Task statement => Where does the word "with" show up in the data? Please find each such line and copy it.

-- -- --

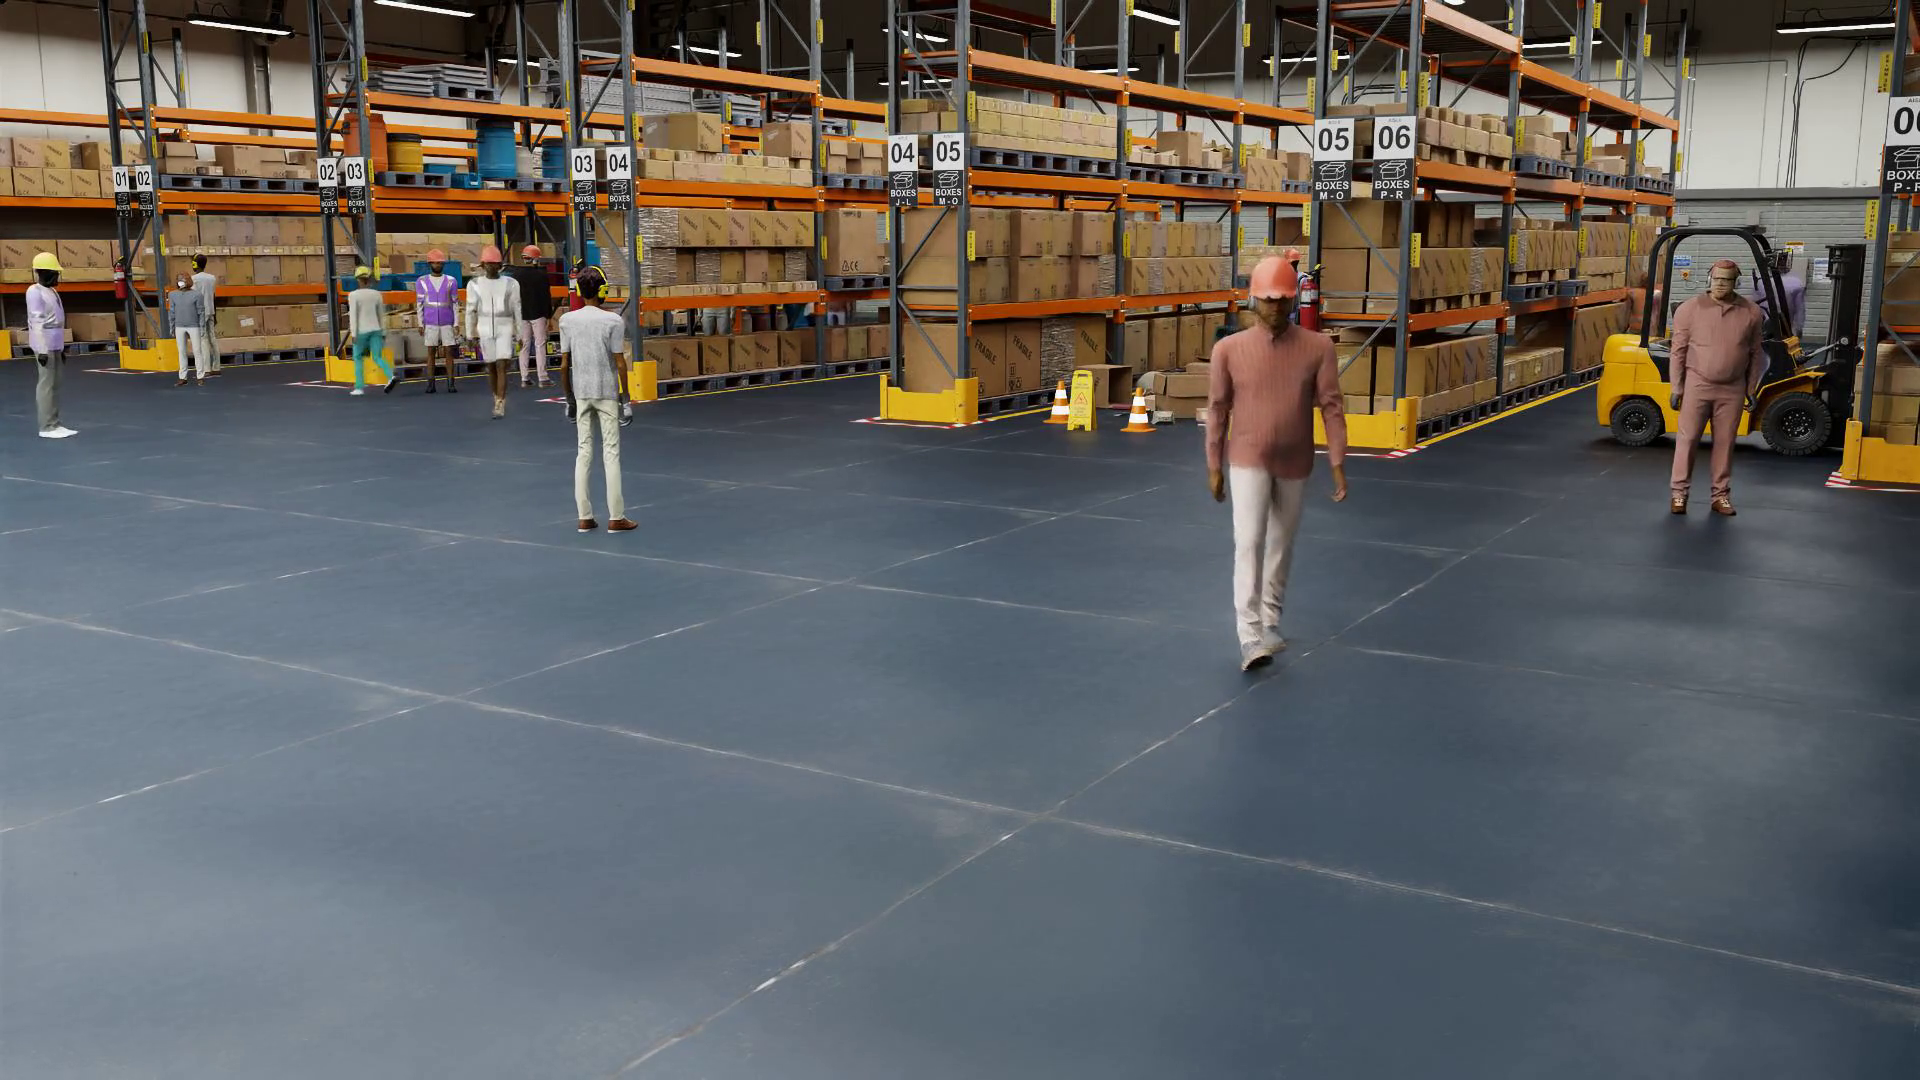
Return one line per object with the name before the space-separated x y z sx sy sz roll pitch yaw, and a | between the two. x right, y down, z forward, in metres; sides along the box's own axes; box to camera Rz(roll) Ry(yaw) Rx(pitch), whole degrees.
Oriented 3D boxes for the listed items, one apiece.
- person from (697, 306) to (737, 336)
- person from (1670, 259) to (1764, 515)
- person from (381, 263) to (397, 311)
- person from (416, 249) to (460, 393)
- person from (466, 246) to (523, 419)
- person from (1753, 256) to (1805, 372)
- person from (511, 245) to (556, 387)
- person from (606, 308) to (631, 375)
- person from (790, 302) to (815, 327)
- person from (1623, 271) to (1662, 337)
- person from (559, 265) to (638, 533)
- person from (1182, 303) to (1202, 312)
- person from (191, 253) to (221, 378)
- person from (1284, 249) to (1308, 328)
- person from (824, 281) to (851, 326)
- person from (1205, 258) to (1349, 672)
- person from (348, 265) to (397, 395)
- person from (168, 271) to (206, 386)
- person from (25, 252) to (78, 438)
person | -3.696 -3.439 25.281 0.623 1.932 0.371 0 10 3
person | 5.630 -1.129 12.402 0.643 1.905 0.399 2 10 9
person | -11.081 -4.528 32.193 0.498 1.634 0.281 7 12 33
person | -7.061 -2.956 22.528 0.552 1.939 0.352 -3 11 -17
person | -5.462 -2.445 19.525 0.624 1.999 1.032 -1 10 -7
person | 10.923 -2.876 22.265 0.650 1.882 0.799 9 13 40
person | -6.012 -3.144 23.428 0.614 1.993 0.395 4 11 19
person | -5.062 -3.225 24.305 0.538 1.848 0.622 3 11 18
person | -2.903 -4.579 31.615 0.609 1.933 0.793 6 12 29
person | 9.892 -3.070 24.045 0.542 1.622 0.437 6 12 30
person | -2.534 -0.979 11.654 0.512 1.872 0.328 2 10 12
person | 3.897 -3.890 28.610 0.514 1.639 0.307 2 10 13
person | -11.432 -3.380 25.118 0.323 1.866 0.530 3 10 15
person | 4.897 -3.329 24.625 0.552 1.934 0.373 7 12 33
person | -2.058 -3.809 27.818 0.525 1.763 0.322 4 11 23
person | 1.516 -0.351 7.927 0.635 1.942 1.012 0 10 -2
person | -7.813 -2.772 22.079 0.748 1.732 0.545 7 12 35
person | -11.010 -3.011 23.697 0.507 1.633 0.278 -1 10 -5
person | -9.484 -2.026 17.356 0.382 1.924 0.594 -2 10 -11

-- -- --

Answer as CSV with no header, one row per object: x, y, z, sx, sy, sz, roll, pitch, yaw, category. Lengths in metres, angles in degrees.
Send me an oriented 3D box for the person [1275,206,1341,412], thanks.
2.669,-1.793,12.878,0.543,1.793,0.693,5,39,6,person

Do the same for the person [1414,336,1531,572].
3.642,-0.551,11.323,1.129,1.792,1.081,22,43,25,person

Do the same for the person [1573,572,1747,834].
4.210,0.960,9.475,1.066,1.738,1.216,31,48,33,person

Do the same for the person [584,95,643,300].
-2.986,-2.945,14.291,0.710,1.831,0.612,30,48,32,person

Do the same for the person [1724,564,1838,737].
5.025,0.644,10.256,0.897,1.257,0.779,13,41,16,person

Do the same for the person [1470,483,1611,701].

-- -- --

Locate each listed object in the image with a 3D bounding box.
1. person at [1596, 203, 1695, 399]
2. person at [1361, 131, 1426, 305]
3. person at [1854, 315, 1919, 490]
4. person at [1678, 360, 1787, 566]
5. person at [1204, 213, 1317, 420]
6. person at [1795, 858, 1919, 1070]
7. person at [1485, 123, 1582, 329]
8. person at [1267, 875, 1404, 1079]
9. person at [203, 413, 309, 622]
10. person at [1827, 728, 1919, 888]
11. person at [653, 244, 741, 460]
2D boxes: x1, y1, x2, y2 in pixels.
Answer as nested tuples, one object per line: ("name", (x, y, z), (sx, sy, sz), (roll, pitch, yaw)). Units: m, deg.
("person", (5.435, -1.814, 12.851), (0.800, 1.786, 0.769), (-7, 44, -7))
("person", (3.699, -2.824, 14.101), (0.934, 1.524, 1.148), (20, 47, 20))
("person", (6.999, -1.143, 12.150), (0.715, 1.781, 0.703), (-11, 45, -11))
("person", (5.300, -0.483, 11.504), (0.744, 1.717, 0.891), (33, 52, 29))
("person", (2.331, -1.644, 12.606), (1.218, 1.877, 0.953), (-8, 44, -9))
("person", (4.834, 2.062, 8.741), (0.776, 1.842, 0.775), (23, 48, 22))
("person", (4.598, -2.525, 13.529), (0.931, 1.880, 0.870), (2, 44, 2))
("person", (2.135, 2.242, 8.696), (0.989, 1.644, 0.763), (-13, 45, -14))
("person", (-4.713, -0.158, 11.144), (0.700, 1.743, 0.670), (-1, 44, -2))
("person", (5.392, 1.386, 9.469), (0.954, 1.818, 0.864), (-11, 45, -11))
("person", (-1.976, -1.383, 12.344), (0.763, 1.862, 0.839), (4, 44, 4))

-- -- --

Written answer =>
Return one line per object with the name before the space-separated x y z sx sy sz roll pitch yaw, and a | between the two. x right, y down, z forward, in metres; sides along the box's own axes; box to camera Rz(roll) Ry(yaw) Rx(pitch), whole degrees.
Answer as CSV with no header, one row per object: x, y, z, sx, sy, sz, roll, pitch, yaw, category. Lengths in metres, angles in degrees.
Locate each listed object in the image with a 3D bounding box.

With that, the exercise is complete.